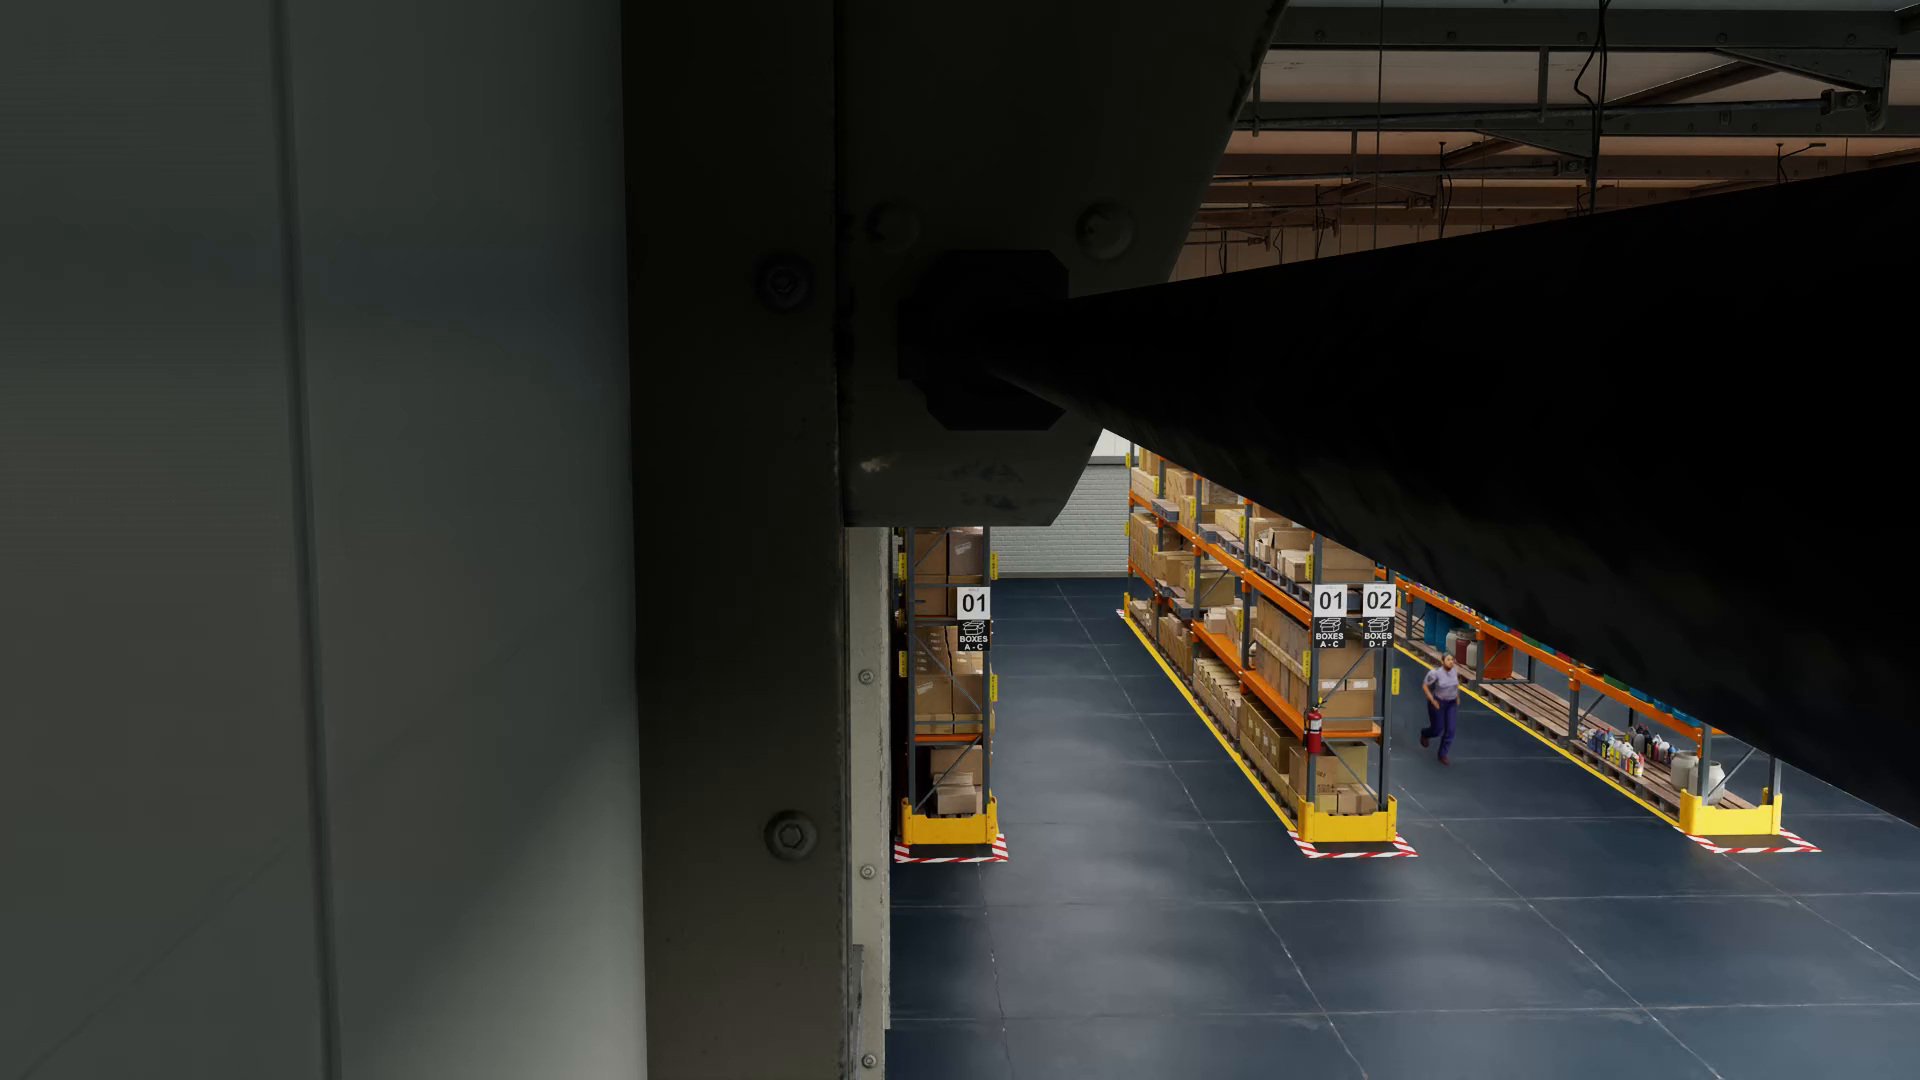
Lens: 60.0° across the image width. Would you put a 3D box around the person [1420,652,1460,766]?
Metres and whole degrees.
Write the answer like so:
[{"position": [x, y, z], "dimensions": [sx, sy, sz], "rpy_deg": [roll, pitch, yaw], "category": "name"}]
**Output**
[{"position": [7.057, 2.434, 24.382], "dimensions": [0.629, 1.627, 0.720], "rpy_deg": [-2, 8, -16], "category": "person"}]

- - - - -

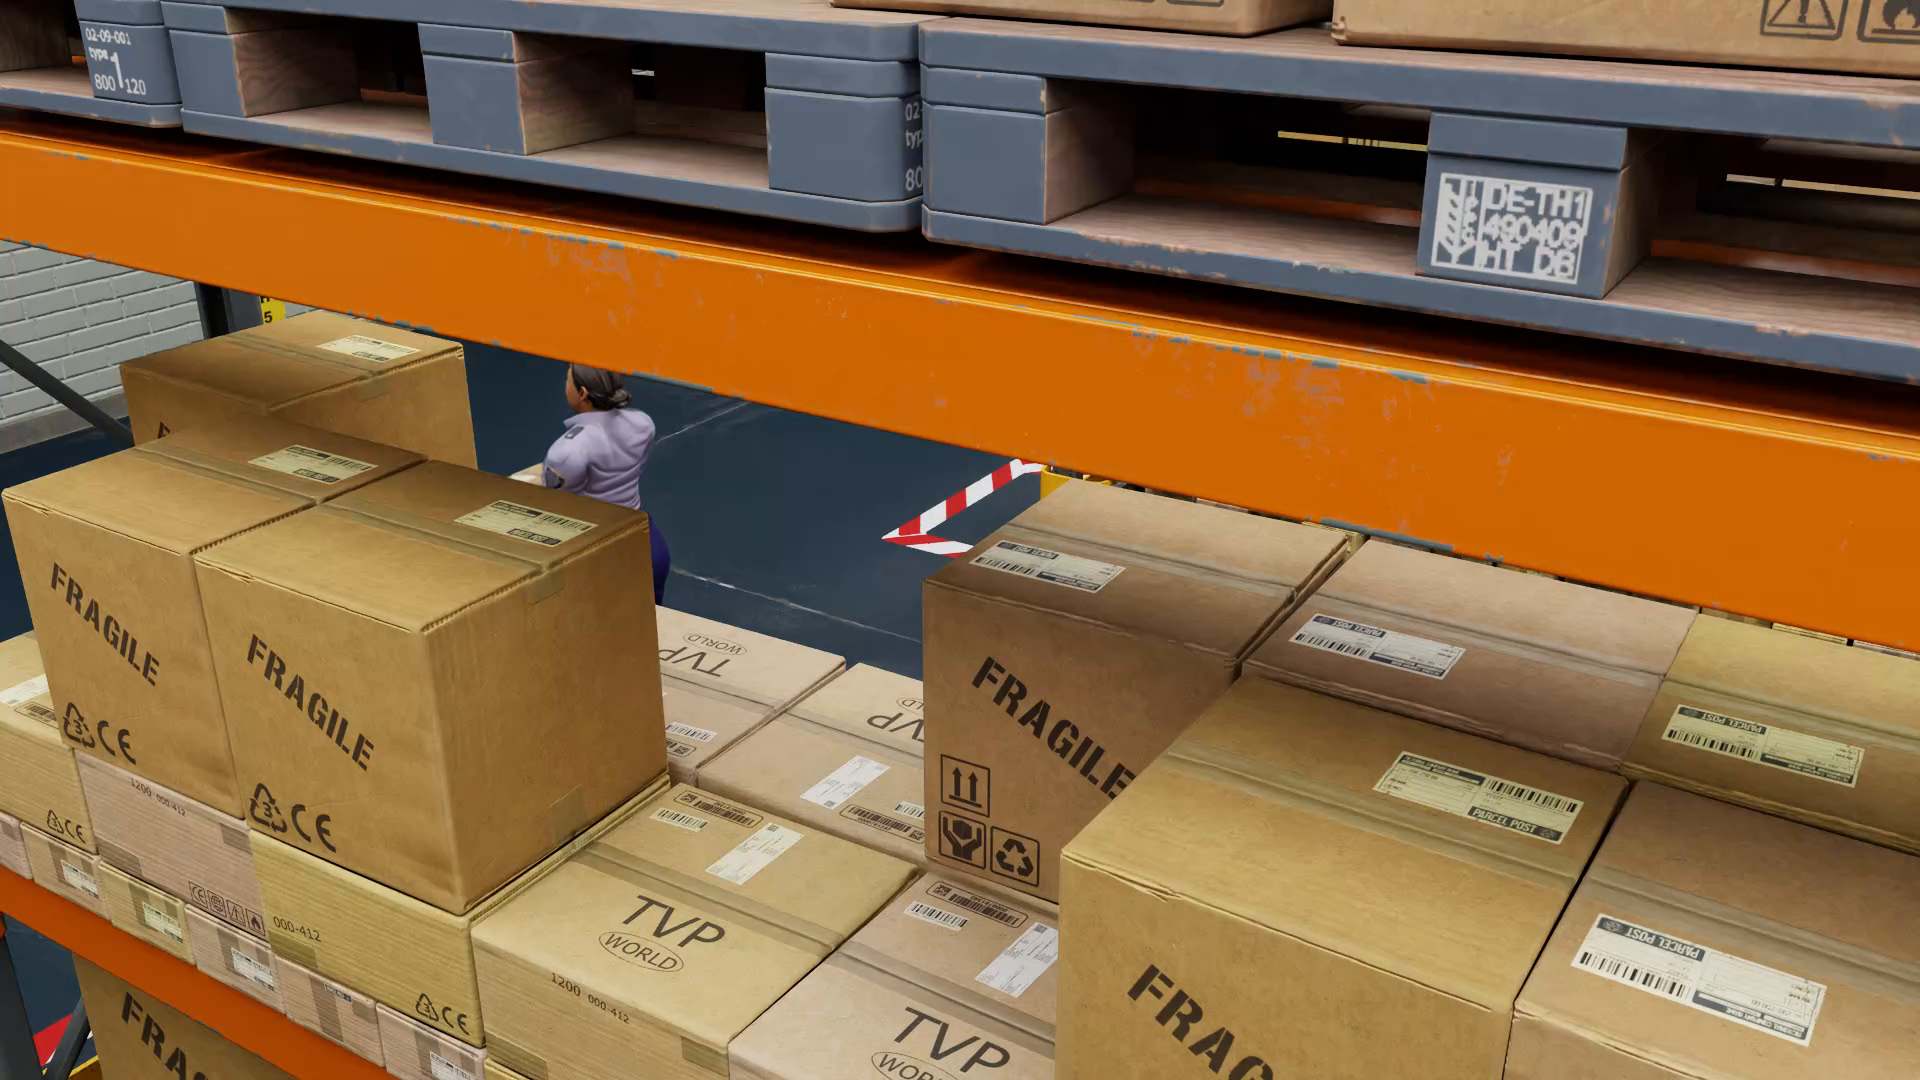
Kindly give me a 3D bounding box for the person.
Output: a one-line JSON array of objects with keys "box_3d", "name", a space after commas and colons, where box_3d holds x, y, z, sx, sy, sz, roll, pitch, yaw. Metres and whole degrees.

- - - - -

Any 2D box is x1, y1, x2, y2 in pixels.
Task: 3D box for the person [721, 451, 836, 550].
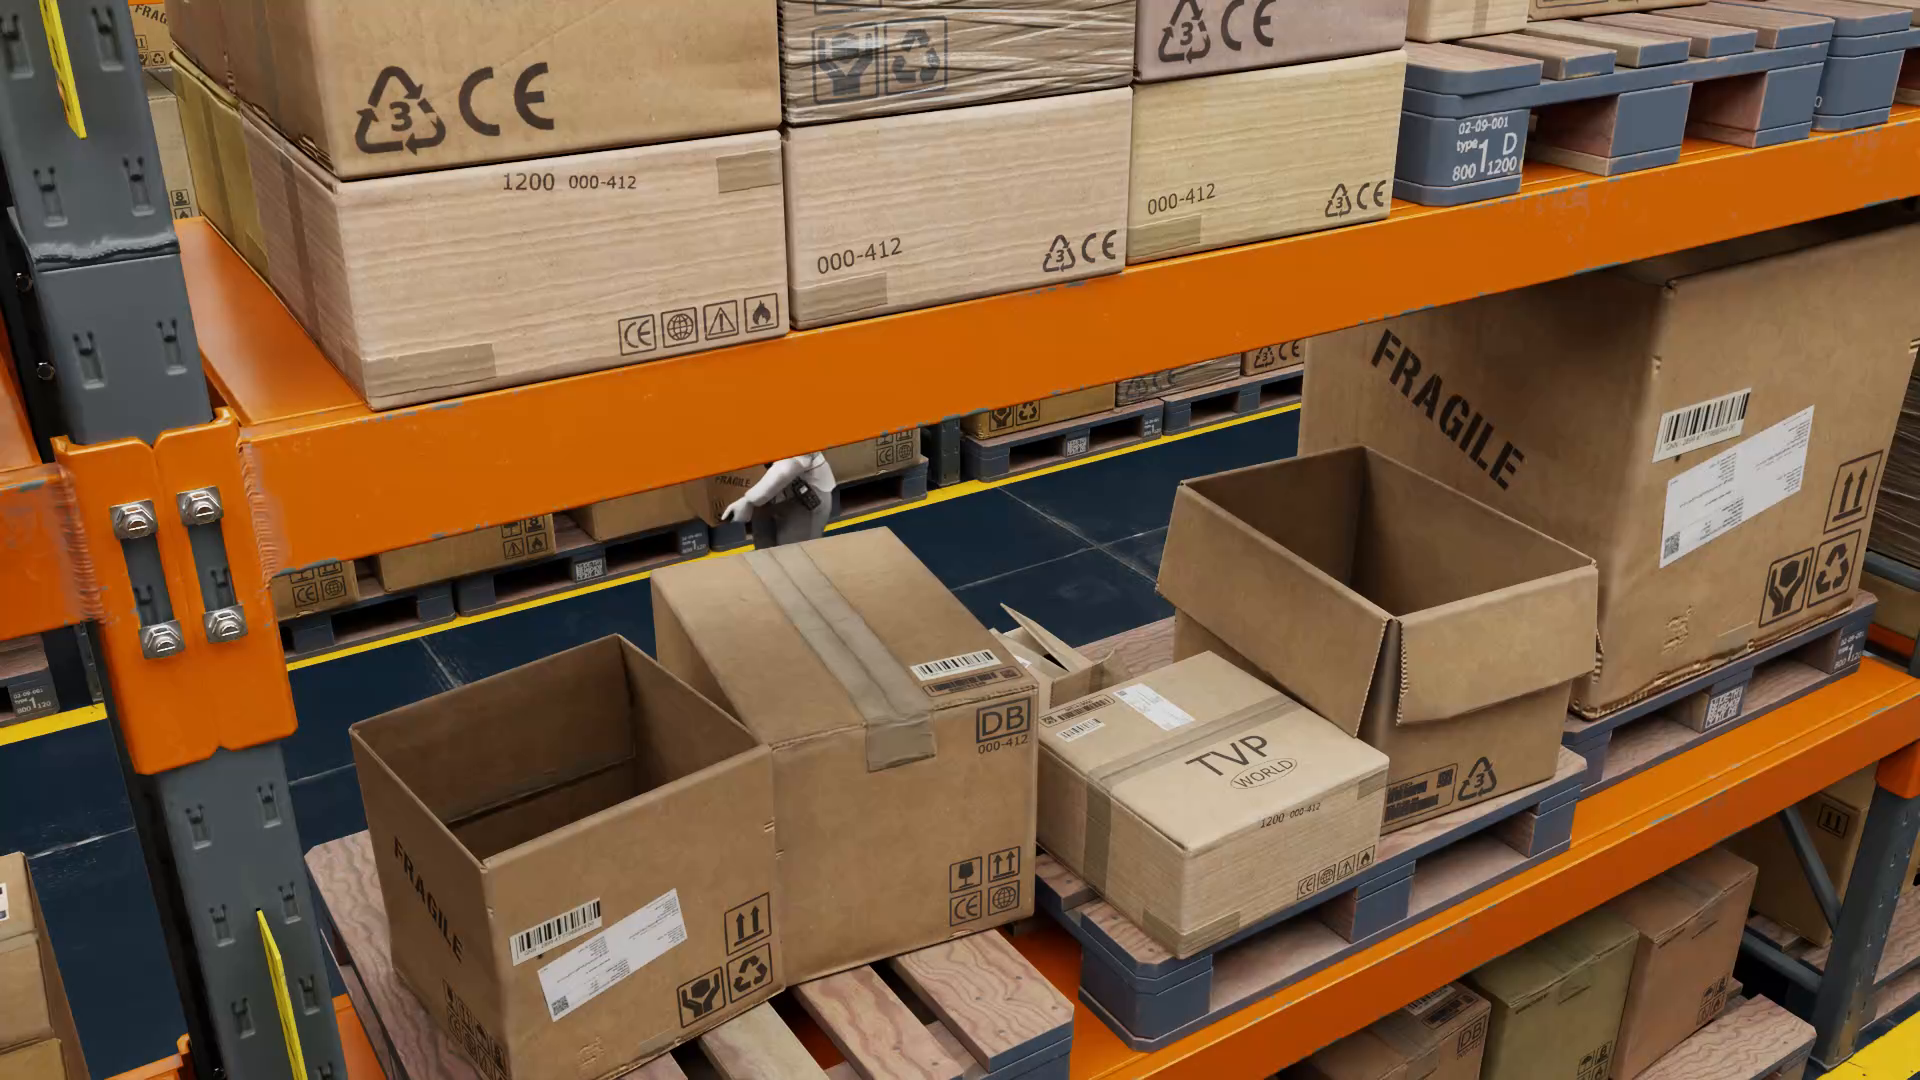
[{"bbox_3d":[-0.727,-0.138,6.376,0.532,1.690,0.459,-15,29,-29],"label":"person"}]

- - - - -

**What is required:**
Can you repeat, word for word, every line above from the one containing "Kindly give me" down to the one containing "Output: a one-line", including both?

**The answer:**
Kindly give me a 3D bounding box for the person.
Output: a one-line JSON array of objects with keys "box_3d", "name", a space after commas and colons, where box_3d holds x, y, z, sx, sy, sz, roll, pitch, yaw. Metres and whole degrees.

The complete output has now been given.